I have a golden retriever named Lady who is as much a rug as she is a living, moving canine. She must be forced to go out in the yard alone. Seriously. If we don’t push her out to do her business, she comes perilously close to doing it indoors.

If you go out with her, or if my daughter and her friends are on the trampoline or playing ball out back, then Lady is happy to cavort around—at least for a bit. Five or six passes throwing the tennis ball for her to retrieve are her limit before she stands on the stoop looking longingly at the door to be let back in so she can resume the rug position.

DARPA would not like my dog—not at all.

According to a recent posting on its site, the Defense Advanced Research Projects Agency has adopted its own dogs to play with—Boston Dynamics’ AlphaDog robots—which the agency is calling the “Legged Squad Support System (LS3).” These “dogs” are being trained as intelligent “pack mules.”

Says DARPA: “The goal of the LS3 program is to demonstrate that a legged robot can unburden dismounted squad members by carrying their gear, autonomously following them through rugged terrain, and interpreting verbal and visual commands.”

A video on the site shows the LS3s in action. The weirdly cool robo-dogs actually move more like mechanized Lipizzaner Stallions Transformers than dogs, but you can see how they’d be pretty good at lugging stuff around in the field.

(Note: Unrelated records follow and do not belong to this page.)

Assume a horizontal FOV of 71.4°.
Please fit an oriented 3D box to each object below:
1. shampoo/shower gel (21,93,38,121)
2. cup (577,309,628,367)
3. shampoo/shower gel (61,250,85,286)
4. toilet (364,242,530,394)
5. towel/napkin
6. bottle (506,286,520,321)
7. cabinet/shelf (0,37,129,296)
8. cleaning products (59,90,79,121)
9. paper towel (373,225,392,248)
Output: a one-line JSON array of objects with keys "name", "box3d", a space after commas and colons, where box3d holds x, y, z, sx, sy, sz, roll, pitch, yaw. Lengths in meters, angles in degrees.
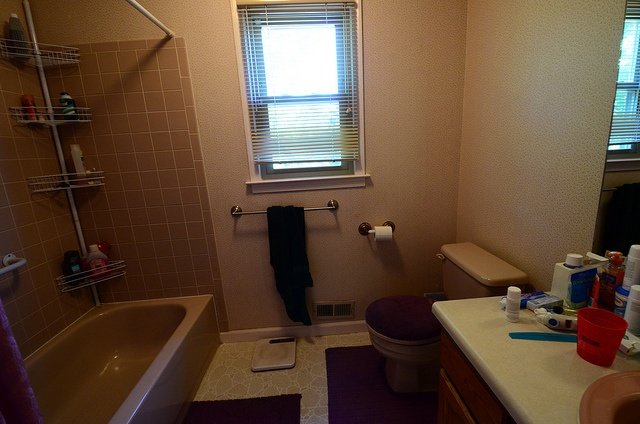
[{"name": "shampoo/shower gel", "box3d": [-1.937, -0.694, 2.962, 0.084, 0.173, 0.175, -15, 17, -29]}, {"name": "cup", "box3d": [1.412, 0.621, 2.220, 0.216, 0.253, 0.170, 1, 17, 28]}, {"name": "shampoo/shower gel", "box3d": [-1.753, 0.385, 3.152, 0.141, 0.255, 0.061, -9, 3, -32]}, {"name": "toilet", "box3d": [0.752, 0.642, 3.264, 1.076, 0.935, 0.836, -3, 16, -3]}, {"name": "towel/napkin", "box3d": [-0.207, 0.399, 3.303, 0.300, 0.901, 0.181, -8, 15, -4]}, {"name": "bottle", "box3d": [1.043, 0.490, 2.386, 0.085, 0.180, 0.085, -7, 15, 2]}, {"name": "cabinet/shelf", "box3d": [-1.760, -0.266, 3.118, 0.502, 1.834, 0.331, -14, 16, -22]}, {"name": "cleaning products", "box3d": [-1.736, -0.730, 3.065, 0.099, 0.189, 0.150, -14, 16, -25]}, {"name": "paper towel", "box3d": [0.470, 0.161, 3.269, 0.207, 0.091, 0.105, 0, 46, -2]}]

Apparently, the LS3s have been trained to “follow the leader,” walk up to 3 miles per hour over difficult terrain, and speed along at five mph on a flat surface. DARPA notes that the “platforms” (DARPA-speak for robo-dogs) have “matured” enough through testing and improvements that they have “started to run through the paces similar to what they could one day experience carrying gear for a squad of Marines or Soldiers.”